- _About this task_
Look below for lines that hold the string "Numbers" and copy each one.

- _Information given_
/---

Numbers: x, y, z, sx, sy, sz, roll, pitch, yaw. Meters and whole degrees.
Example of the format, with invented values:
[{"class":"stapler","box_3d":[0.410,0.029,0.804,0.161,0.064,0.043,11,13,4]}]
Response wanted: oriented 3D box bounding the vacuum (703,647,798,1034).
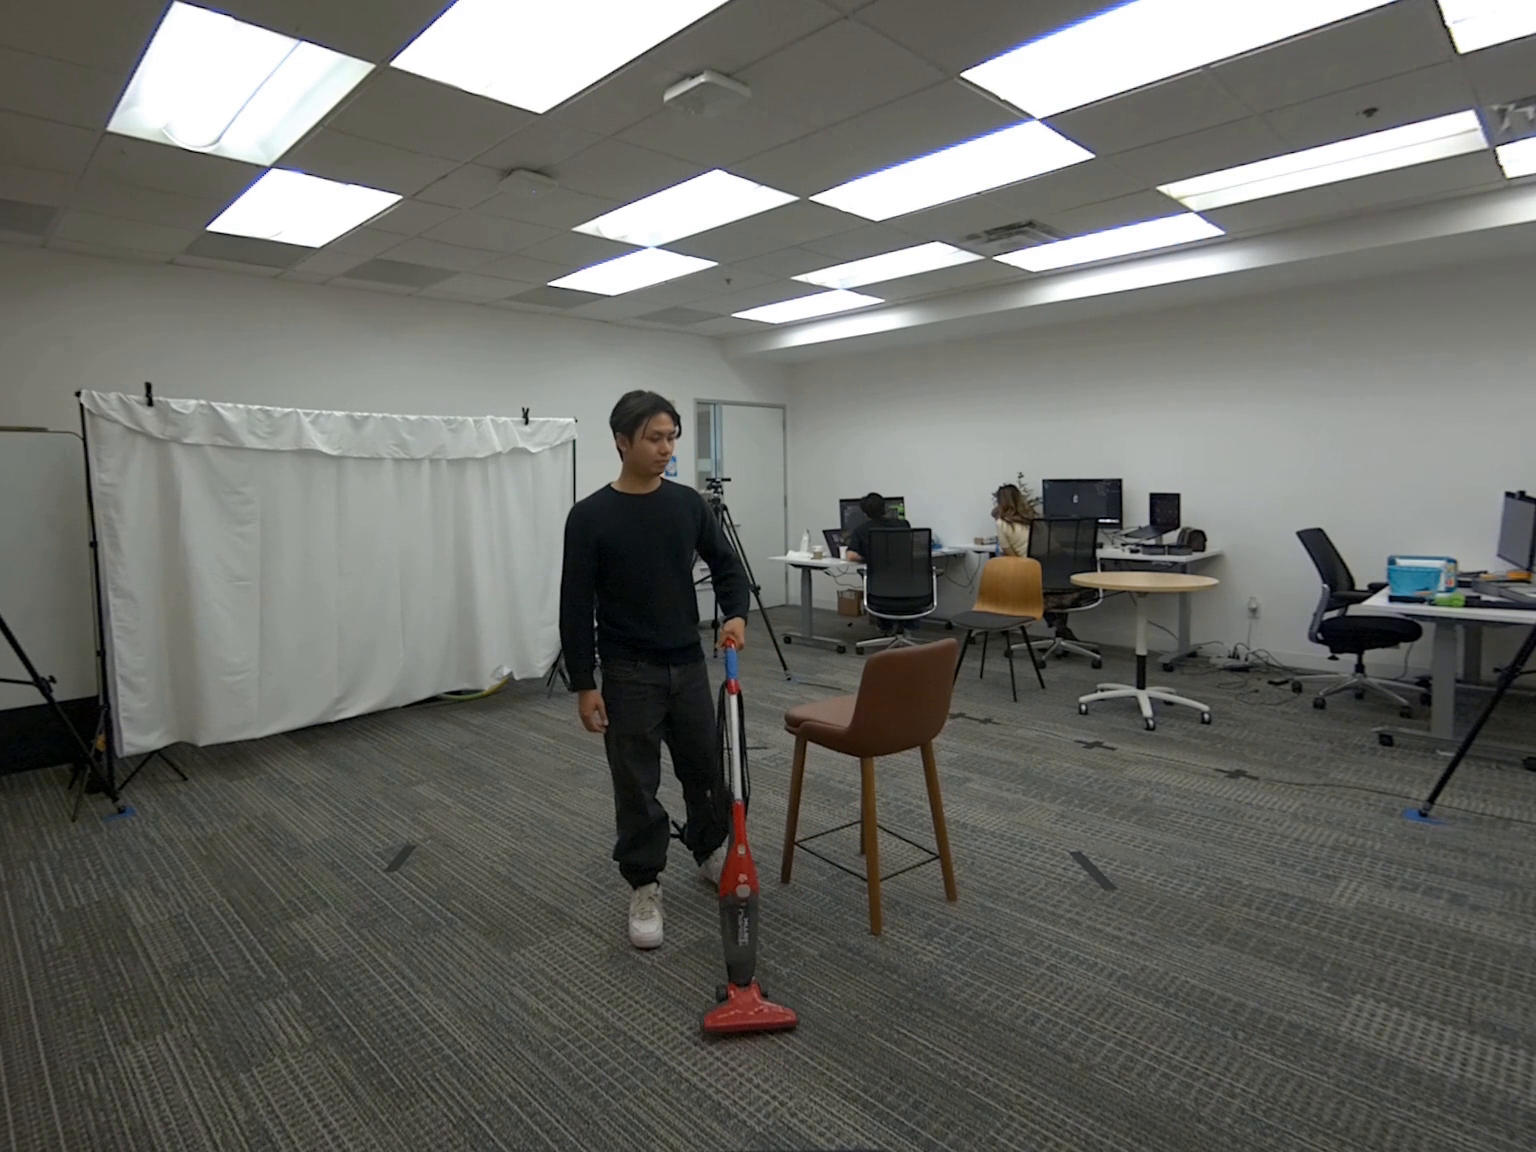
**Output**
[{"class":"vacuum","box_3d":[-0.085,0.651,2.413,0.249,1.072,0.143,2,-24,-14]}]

\---
/---

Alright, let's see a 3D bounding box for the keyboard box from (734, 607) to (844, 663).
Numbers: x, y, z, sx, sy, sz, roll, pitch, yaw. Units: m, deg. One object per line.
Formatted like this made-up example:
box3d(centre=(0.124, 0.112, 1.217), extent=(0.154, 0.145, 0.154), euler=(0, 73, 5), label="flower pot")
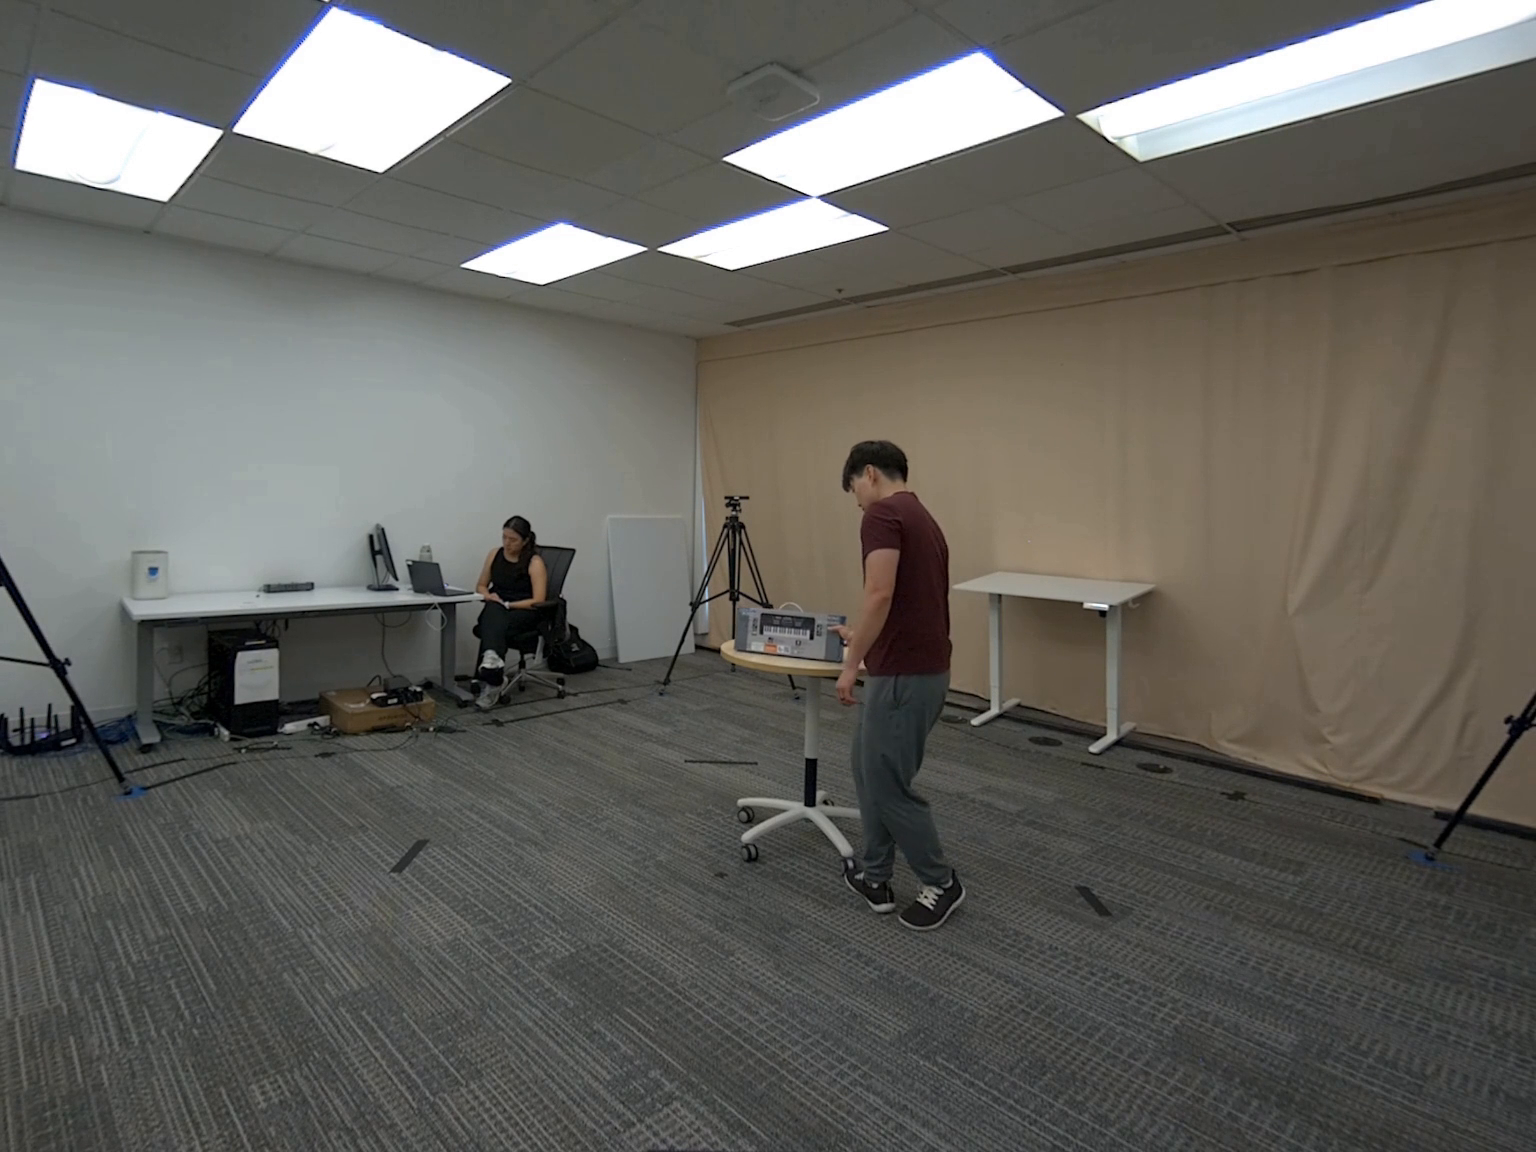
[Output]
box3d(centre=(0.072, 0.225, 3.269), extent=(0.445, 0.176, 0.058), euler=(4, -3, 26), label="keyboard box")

\---

- _Task result_
Numbers: x, y, z, sx, sy, sz, roll, pitch, yaw. Meters and whole degrees.
Numbers: x, y, z, sx, sy, sz, roll, pitch, yaw. Units: m, deg. One object per line.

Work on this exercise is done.